What you need to do -> Copy exactly the lines of the data below that run from the line holding "Do the same for the hard" through the line holding "soap dispenser,0.748,-0.024,2.367,0.073,0.156,0.073,2,10,-2", both ends included.

Input data ->

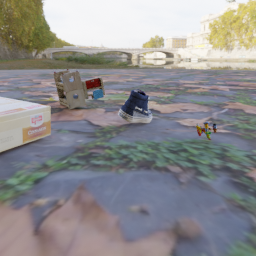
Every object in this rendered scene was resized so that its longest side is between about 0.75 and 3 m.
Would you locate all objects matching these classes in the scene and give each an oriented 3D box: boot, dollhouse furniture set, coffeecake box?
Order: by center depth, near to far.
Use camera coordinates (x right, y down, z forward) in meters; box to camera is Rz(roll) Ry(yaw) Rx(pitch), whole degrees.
[{"bbox_3d":[-3.257,-0.197,6.767,2.175,0.795,1.670,11,17,25],"label":"coffeecake box"},{"bbox_3d":[0.432,-0.656,8.369,0.692,0.859,1.903,33,16,16],"label":"boot"},{"bbox_3d":[-1.847,-1.804,11.712,2.008,1.407,1.415,-18,21,-25],"label":"dollhouse furniture set"}]

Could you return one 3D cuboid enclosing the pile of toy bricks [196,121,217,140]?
[{"bbox_3d":[1.977,0.111,6.951,0.429,0.382,0.773,-15,-18,27],"label":"pile of toy bricks"}]
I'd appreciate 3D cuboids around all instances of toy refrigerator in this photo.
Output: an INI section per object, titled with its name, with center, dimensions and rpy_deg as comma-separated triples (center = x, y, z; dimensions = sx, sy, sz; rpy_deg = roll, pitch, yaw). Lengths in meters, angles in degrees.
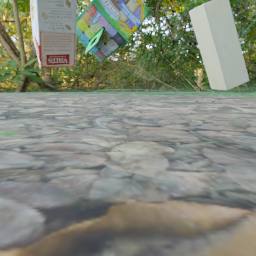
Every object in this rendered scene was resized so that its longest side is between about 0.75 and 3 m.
[toy refrigerator]
center = 2.584, -2.321, 7.869
dimensions = 0.825, 2.358, 0.895
rpy_deg = -23, 14, -8

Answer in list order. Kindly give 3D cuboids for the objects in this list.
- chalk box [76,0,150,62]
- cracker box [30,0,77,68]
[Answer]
[chalk box]
center = -0.704, -3.379, 9.116
dimensions = 1.584, 1.576, 2.546
rpy_deg = -23, 28, 48
[cracker box]
center = -1.264, -2.281, 4.556
dimensions = 0.636, 2.206, 1.477
rpy_deg = -7, 37, -20
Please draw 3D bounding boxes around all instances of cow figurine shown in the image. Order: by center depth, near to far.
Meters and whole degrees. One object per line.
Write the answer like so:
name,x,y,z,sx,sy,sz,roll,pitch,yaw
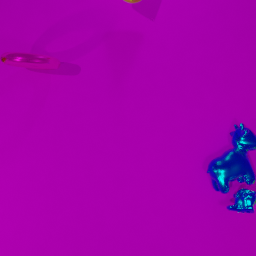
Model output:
cow figurine,2.781,0.768,7.446,1.620,0.889,1.594,-17,88,-7

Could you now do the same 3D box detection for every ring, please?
ring,-2.565,-1.769,7.442,1.509,1.509,0.302,4,97,1

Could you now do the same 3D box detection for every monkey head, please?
monkey head,2.837,1.819,7.031,0.720,1.001,0.603,5,73,-4

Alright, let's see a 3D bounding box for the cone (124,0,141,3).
cone,0.103,-3.479,7.255,0.854,0.854,0.857,3,48,0
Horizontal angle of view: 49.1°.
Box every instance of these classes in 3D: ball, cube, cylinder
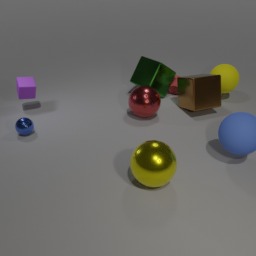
[{"bbox_3d":[-4.043,-0.066,10.952,0.700,0.700,0.700,0,31,0],"label":"ball"},{"bbox_3d":[3.171,-1.626,12.535,1.400,1.400,1.400,-10,15,-17],"label":"cube"},{"bbox_3d":[4.649,-2.388,13.594,1.400,1.400,1.400,0,31,0],"label":"ball"},{"bbox_3d":[2.440,-2.201,14.295,0.700,0.700,0.700,11,62,17],"label":"cylinder"},{"bbox_3d":[0.712,-1.136,12.052,1.400,1.400,1.400,0,31,0],"label":"ball"},{"bbox_3d":[0.760,1.059,8.364,1.400,1.400,1.400,0,31,0],"label":"ball"},{"bbox_3d":[-4.459,-1.750,12.259,0.700,0.700,0.700,-7,49,-27],"label":"cube"},{"bbox_3d":[3.667,0.177,9.109,1.400,1.400,1.400,0,31,0],"label":"ball"},{"bbox_3d":[1.235,-2.518,13.871,1.400,1.400,1.400,17,11,-47],"label":"cube"}]
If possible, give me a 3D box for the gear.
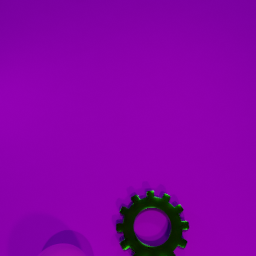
[{"bbox_3d":[0.590,2.420,6.808,1.720,0.318,1.720,-1,60,2],"label":"gear"}]

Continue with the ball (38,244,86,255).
[{"bbox_3d":[-1.405,3.119,5.818,1.330,1.330,1.330,0,59,0],"label":"ball"}]
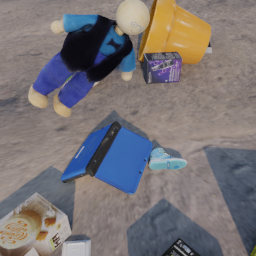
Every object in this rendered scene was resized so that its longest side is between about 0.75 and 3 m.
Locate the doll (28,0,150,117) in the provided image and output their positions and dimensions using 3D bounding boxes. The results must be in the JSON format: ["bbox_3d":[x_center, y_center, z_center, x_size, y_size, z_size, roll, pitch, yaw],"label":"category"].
[{"bbox_3d":[-0.699,-1.342,5.527,2.018,2.958,0.717,23,43,-37],"label":"doll"}]

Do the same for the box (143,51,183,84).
[{"bbox_3d":[1.302,-2.307,10.732,1.351,1.000,0.705,-6,39,-6],"label":"box"}]

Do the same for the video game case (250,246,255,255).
[{"bbox_3d":[3.162,2.010,4.850,1.639,1.481,0.209,4,39,5],"label":"video game case"}]

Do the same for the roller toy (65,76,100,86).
[{"bbox_3d":[-1.710,-2.151,10.427,1.592,1.112,1.452,-20,44,-8],"label":"roller toy"}]

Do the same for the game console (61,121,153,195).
[{"bbox_3d":[-0.496,0.844,7.211,1.632,1.132,1.912,-25,23,35],"label":"game console"}]

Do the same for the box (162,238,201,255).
[{"bbox_3d":[1.011,2.803,4.517,1.231,0.647,1.504,-31,48,-33],"label":"box"}]

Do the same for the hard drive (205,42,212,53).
[{"bbox_3d":[3.201,-3.845,13.230,1.454,0.308,0.981,4,38,5],"label":"hard drive"}]

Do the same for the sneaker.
[{"bbox_3d":[1.023,0.755,7.340,0.972,0.387,0.635,0,40,-1],"label":"sneaker"}]

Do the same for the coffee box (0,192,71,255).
[{"bbox_3d":[-2.049,2.165,5.299,0.965,0.673,1.687,24,44,29],"label":"coffee box"}]

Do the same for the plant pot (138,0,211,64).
[{"bbox_3d":[1.952,-3.798,11.599,2.435,2.659,2.659,14,38,-7],"label":"plant pot"}]

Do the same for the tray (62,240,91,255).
[{"bbox_3d":[-0.993,2.578,5.242,0.568,0.117,1.058,-3,38,-3],"label":"tray"}]
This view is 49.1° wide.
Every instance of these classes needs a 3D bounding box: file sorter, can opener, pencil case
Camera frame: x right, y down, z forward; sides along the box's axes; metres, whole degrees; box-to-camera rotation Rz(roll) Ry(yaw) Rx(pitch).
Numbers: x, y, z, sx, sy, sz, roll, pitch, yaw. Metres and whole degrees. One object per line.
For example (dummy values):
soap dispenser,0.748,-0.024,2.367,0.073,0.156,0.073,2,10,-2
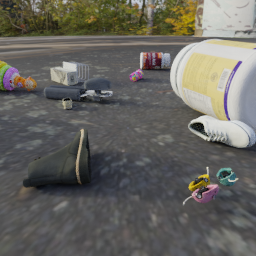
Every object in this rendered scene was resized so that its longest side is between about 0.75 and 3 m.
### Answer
file sorter,-2.367,-2.569,12.800,0.714,0.795,1.146,-14,25,-39
can opener,-1.732,-1.404,9.762,2.510,0.839,0.670,6,22,15
pencil case,0.402,-2.431,12.951,0.430,0.430,0.972,7,23,17

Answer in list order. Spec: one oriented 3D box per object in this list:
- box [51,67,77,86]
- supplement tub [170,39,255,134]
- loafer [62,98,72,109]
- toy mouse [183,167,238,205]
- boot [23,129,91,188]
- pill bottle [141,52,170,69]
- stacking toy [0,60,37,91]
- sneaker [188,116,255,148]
box,-2.841,-2.297,12.371,0.497,0.598,1.455,-19,27,-38
supplement tub,2.711,-1.269,7.647,2.146,2.146,2.951,-9,24,-22
loafer,-1.968,-0.855,9.122,0.327,0.295,0.863,-6,23,-15
toy mouse,1.347,0.900,4.326,1.091,0.211,0.970,-31,4,-35
boot,-1.294,0.509,5.350,1.121,0.628,1.621,-7,21,-4
pill bottle,1.498,-3.722,15.510,1.571,0.897,0.897,-1,22,-1
stacking toy,-4.815,-1.980,10.992,2.597,1.507,1.425,17,24,6
sneaker,2.068,0.130,6.391,0.596,0.615,1.683,-20,19,-24
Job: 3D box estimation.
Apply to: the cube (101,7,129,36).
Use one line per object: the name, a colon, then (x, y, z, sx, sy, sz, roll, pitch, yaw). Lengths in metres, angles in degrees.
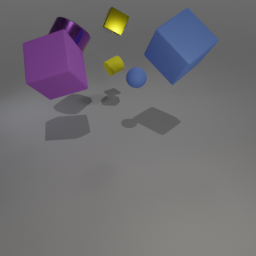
cube: (-0.458, -3.740, 9.864, 0.700, 0.700, 0.700, 22, 12, -18)

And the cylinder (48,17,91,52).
cylinder: (-2.309, -3.096, 10.357, 1.400, 1.400, 1.400, 27, -2, 1)

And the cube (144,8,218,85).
cube: (1.600, -2.495, 8.699, 1.400, 1.400, 1.400, -40, 85, -21)

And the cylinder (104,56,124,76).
cylinder: (-0.647, -2.868, 12.915, 0.700, 0.700, 0.700, -32, 42, -18)

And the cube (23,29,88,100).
cube: (-2.213, -1.896, 8.672, 1.400, 1.400, 1.400, -14, 72, 11)

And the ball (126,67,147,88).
ball: (0.284, -1.701, 9.483, 0.700, 0.700, 0.700, 0, 32, 0)
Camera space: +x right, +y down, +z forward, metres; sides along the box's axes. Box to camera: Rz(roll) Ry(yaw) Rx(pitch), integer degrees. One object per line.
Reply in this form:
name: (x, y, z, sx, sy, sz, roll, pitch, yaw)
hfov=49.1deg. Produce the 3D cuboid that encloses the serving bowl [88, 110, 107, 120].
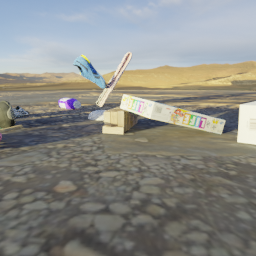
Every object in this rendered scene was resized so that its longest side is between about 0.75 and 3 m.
serving bowl: (-1.208, -0.601, 12.555, 1.147, 0.377, 1.147, 0, 9, 0)

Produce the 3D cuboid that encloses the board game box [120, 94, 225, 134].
board game box: (1.421, -0.447, 9.049, 2.829, 0.484, 1.902, 11, 7, -29)

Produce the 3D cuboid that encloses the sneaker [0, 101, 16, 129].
sneaker: (-4.861, -0.312, 9.718, 2.696, 1.017, 1.069, -3, 14, 41)

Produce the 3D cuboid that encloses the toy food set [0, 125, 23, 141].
toy food set: (-4.206, 0.367, 6.973, 2.930, 0.462, 1.863, -5, 8, 19)

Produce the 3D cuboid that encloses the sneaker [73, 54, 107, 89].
sneaker: (-1.159, -1.597, 8.473, 0.490, 1.250, 0.412, -50, 27, -18)

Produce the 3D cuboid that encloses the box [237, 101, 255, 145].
box: (3.902, -0.193, 8.103, 0.843, 1.076, 1.730, 8, 13, 40)

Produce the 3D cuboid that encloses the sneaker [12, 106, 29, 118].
sneaker: (-5.130, -0.812, 13.405, 0.435, 0.519, 1.173, 1, 8, 11)

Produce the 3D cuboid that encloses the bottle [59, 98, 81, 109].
bottle: (-3.446, -1.456, 16.745, 0.780, 0.610, 1.868, -18, 19, -36)

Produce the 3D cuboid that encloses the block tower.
block tower: (-0.199, -0.375, 10.194, 0.714, 0.765, 2.645, 2, 11, 12)

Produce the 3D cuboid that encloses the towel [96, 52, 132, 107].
towel: (-0.494, -1.654, 9.789, 0.275, 1.627, 1.703, 32, -23, -7)
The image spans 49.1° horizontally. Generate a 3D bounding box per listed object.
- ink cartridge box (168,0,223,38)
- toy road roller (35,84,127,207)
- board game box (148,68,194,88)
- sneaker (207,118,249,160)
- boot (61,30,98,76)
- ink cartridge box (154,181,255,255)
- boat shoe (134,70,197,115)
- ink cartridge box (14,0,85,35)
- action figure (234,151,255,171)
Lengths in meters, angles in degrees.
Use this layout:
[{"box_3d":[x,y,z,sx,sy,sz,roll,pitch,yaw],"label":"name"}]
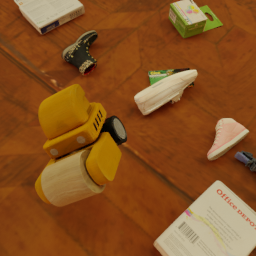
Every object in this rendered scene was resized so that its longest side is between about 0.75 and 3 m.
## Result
[{"box_3d":[2.533,-4.162,10.303,1.695,0.642,1.253,-22,63,-10],"label":"ink cartridge box"},{"box_3d":[-1.056,0.193,5.345,1.354,1.608,2.203,-24,24,21],"label":"toy road roller"},{"box_3d":[1.402,-1.605,9.184,1.396,0.164,0.731,-5,63,-3],"label":"board game box"},{"box_3d":[2.624,0.260,7.921,1.534,0.577,0.802,-31,67,-21],"label":"sneaker"},{"box_3d":[-1.346,-2.529,9.478,1.509,0.545,1.140,-42,71,-14],"label":"boot"},{"box_3d":[1.888,2.510,6.488,2.123,0.899,1.534,-38,68,-17],"label":"ink cartridge box"},{"box_3d":[1.256,-1.094,8.599,2.167,0.742,0.780,-31,21,-18],"label":"boat shoe"},{"box_3d":[-3.003,-4.623,10.691,1.962,0.399,1.966,-35,67,-17],"label":"ink cartridge box"},{"box_3d":[4.323,0.901,7.142,2.724,1.425,2.635,31,57,17],"label":"action figure"}]
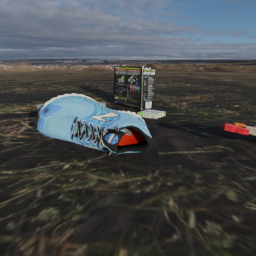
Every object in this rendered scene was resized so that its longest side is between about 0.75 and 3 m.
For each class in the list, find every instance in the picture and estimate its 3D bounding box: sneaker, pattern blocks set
[{"bbox_3d":[-0.536,-0.007,5.484,2.456,0.962,1.104,7,19,-26],"label":"sneaker"},{"bbox_3d":[3.404,0.152,6.513,2.017,0.186,2.295,19,12,35],"label":"pattern blocks set"}]

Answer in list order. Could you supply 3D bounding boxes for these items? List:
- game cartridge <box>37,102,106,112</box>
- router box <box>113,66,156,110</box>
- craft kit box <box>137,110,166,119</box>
[{"bbox_3d":[-2.206,-0.800,11.067,2.310,0.443,1.497,5,11,23],"label":"game cartridge"},{"bbox_3d":[0.224,-1.846,12.351,0.732,1.765,2.355,-7,16,-33],"label":"router box"},{"bbox_3d":[0.878,-0.524,10.395,0.789,0.191,0.779,9,13,34],"label":"craft kit box"}]

Response area ->
Do the same for the hard drive (205,42,212,53).
[{"bbox_3d":[3.201,-3.845,13.230,1.454,0.308,0.981,4,38,5],"label":"hard drive"}]

Do the same for the sneaker.
[{"bbox_3d":[1.023,0.755,7.340,0.972,0.387,0.635,0,40,-1],"label":"sneaker"}]

Do the same for the coffee box (0,192,71,255).
[{"bbox_3d":[-2.049,2.165,5.299,0.965,0.673,1.687,24,44,29],"label":"coffee box"}]

Do the same for the plant pot (138,0,211,64).
[{"bbox_3d":[1.952,-3.798,11.599,2.435,2.659,2.659,14,38,-7],"label":"plant pot"}]

Do the same for the tray (62,240,91,255).
[{"bbox_3d":[-0.993,2.578,5.242,0.568,0.117,1.058,-3,38,-3],"label":"tray"}]
This view is 49.1° wide.
Every instance of these classes needs a 3D bounding box: file sorter, can opener, pencil case
Camera frame: x right, y down, z forward; sides along the box's axes; metres, whole degrees; box-to-camera rotation Rz(roll) Ry(yaw) Rx(pitch).
Numbers: x, y, z, sx, sy, sz, roll, pitch, yaw. Metres and whole degrees. One object per line.
For example (dummy values):
soap dispenser,0.748,-0.024,2.367,0.073,0.156,0.073,2,10,-2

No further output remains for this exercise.